### What you have to do
In the material below, identify each line bearing the word "that". Reproduce those lines.

### Provided entries
§

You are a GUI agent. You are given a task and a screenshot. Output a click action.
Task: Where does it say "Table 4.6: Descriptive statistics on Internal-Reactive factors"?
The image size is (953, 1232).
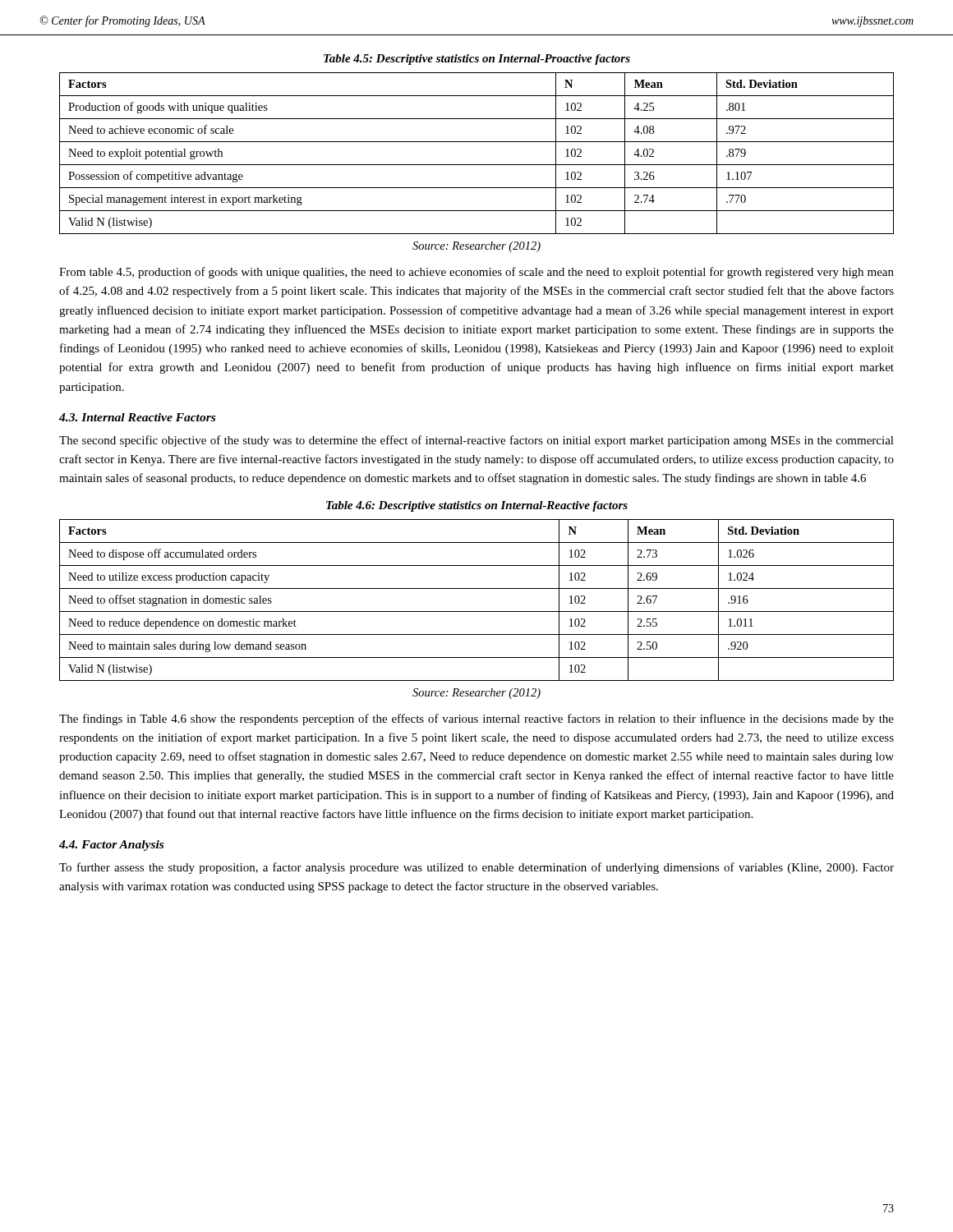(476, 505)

§

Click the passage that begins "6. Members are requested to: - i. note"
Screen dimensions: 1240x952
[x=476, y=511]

§

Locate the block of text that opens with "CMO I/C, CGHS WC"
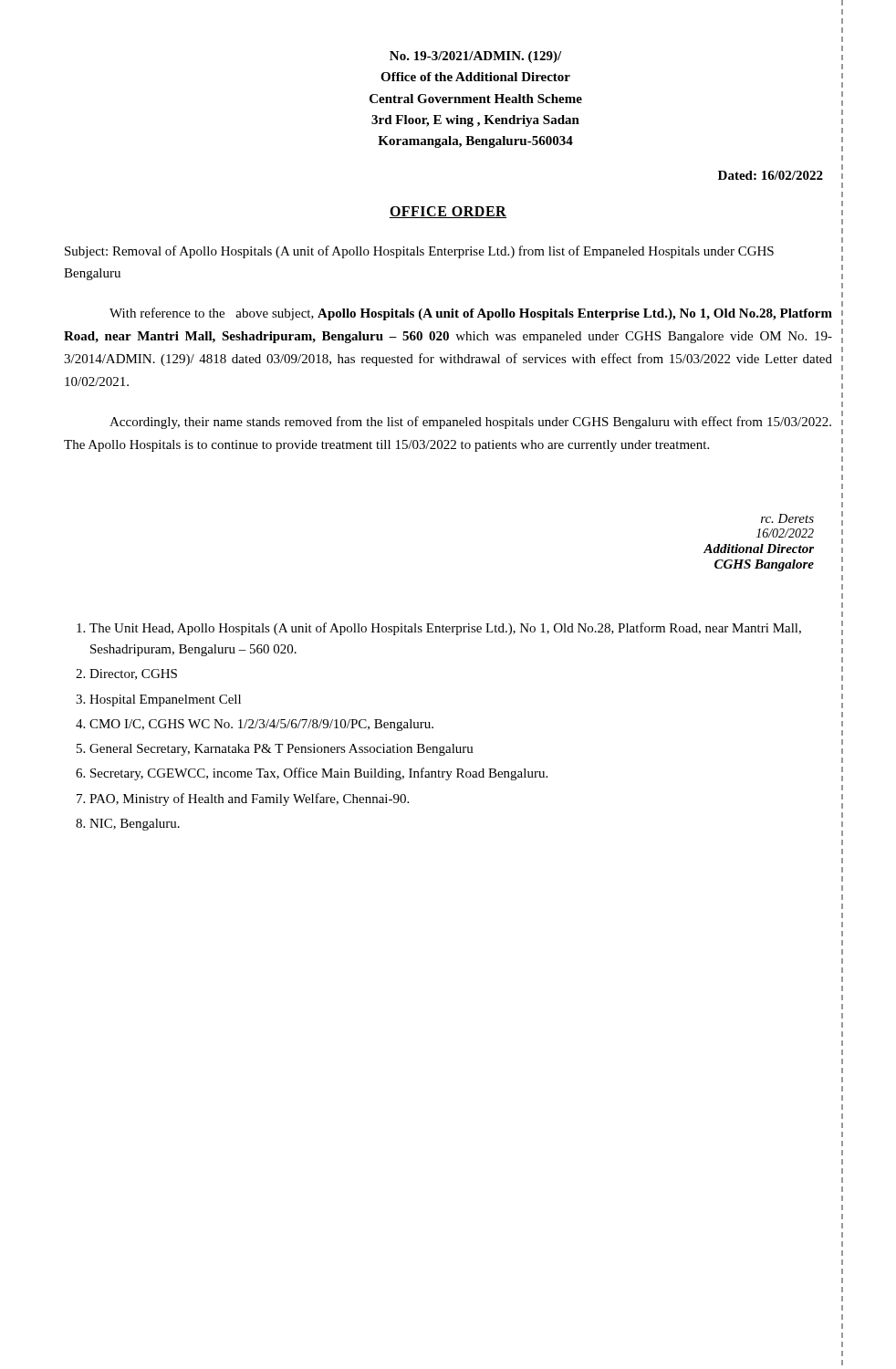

§

### Response area
Click the passage that begins "6. Members are requested to: - i. note"
Locate the block of text that opens with "CMO I/C, CGHS WC"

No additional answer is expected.